Discussion in 'World Building' started by Minos321, Sep 12, 2022.

  1. Minos321

    Minos321

    Joined:
    Jul 7, 2018
    Posts:
    37
    Hi!

    I'm trying to use just the incremental grid snapping, and this tool is completely unusable for modular level design purposes. Here are a few problems with it:

    1) When you scale objects with incremental scaling, the values are relative instead of fixed. Meaning, that instead of adding or removing .125, the scaling does some weird math relative to the current scale, which makes it impossible to line up objects. Moreover, when you incrementally scale a few times, the scale number in Transform gets all broken up into small decimals.

    Solution: This tool should work as it does in Unreal Engine. With each use, it adds or removes the increment number. Example: If your snapping increment is 0.125, by scaling up, you should get numbers like 4.0, 4.125, 4.25, 4.5, 4.75, 5, etc...

    2) Incremental move is also broken. You use it a few times, and the transform gets broken up into decimals.
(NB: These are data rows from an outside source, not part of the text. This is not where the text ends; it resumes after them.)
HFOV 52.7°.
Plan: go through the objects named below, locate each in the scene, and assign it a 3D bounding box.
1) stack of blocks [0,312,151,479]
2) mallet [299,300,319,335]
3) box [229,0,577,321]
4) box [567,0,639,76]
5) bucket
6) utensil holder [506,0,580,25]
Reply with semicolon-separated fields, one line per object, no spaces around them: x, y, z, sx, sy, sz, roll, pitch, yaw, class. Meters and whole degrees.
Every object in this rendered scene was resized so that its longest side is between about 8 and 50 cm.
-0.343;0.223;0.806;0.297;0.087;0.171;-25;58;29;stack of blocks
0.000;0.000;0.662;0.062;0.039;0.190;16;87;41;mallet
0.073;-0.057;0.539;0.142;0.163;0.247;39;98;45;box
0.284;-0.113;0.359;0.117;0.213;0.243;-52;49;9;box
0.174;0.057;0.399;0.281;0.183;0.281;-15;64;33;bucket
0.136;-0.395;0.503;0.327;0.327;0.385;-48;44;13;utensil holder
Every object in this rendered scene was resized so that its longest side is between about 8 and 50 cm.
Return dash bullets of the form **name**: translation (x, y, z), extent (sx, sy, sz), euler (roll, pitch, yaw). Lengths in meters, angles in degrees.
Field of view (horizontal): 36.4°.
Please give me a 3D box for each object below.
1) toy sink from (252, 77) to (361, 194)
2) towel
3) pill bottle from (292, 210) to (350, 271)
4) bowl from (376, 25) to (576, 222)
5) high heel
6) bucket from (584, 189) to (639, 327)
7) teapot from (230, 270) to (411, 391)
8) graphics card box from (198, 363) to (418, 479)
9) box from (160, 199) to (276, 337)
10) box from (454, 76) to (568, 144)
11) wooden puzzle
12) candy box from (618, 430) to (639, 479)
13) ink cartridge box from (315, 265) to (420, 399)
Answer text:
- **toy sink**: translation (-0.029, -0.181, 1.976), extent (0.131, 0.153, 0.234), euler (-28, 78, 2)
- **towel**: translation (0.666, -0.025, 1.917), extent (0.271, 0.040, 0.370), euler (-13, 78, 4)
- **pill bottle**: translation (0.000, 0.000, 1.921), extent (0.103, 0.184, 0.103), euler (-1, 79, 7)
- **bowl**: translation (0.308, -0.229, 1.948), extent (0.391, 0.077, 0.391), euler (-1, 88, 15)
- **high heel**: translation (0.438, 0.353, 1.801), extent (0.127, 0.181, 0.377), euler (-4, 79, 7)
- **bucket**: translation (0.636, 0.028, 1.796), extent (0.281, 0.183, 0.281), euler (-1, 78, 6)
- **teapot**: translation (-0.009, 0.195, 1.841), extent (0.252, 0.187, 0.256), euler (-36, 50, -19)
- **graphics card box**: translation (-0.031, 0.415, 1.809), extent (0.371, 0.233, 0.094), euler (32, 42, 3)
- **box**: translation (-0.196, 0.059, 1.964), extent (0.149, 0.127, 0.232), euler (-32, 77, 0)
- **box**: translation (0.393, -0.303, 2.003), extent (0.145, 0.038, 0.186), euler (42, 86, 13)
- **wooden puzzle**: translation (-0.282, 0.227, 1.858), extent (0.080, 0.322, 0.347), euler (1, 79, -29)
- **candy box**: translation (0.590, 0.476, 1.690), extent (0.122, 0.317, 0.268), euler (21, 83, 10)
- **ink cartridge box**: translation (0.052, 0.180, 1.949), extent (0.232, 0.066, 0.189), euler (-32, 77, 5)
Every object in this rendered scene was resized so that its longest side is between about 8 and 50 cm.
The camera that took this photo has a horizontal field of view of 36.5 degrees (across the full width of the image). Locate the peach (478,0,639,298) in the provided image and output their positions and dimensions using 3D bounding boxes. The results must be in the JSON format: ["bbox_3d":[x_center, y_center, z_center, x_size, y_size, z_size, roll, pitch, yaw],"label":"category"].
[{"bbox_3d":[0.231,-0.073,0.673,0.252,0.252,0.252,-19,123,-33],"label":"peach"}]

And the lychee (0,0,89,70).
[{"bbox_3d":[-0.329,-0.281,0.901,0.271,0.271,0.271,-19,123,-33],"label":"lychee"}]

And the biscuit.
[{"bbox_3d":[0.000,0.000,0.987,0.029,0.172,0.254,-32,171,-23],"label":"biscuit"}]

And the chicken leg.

    3) Incremental rotation: This one works great and as intendend.

    Does anyone know what are the plans for proper grid snapping? It would be great if Unity could just copy the functionality from Unreal Engine, it works great there and never gives broken-up decimals.

    Thanks!
     
    Last edited: Sep 12, 2022
    Speed60580 likes this.
  2. Querke

    Querke

    Joined:
    Feb 21, 2013
    Posts:
    54
    1) Yup, this is super annoying. I have a custom script that scales an object with increments. But it's not perfect, it is quite janky if the the object doesn't have the same scale on all axis.

    2) For incremental move to work as expected, it has to be "on the grid" before you start moving it. The incremental move, just adds the increments to the existing values (it does not actually snap it on the grid). Also, if the object is rotated before moving, the incremental move cannot keep it "on the grid".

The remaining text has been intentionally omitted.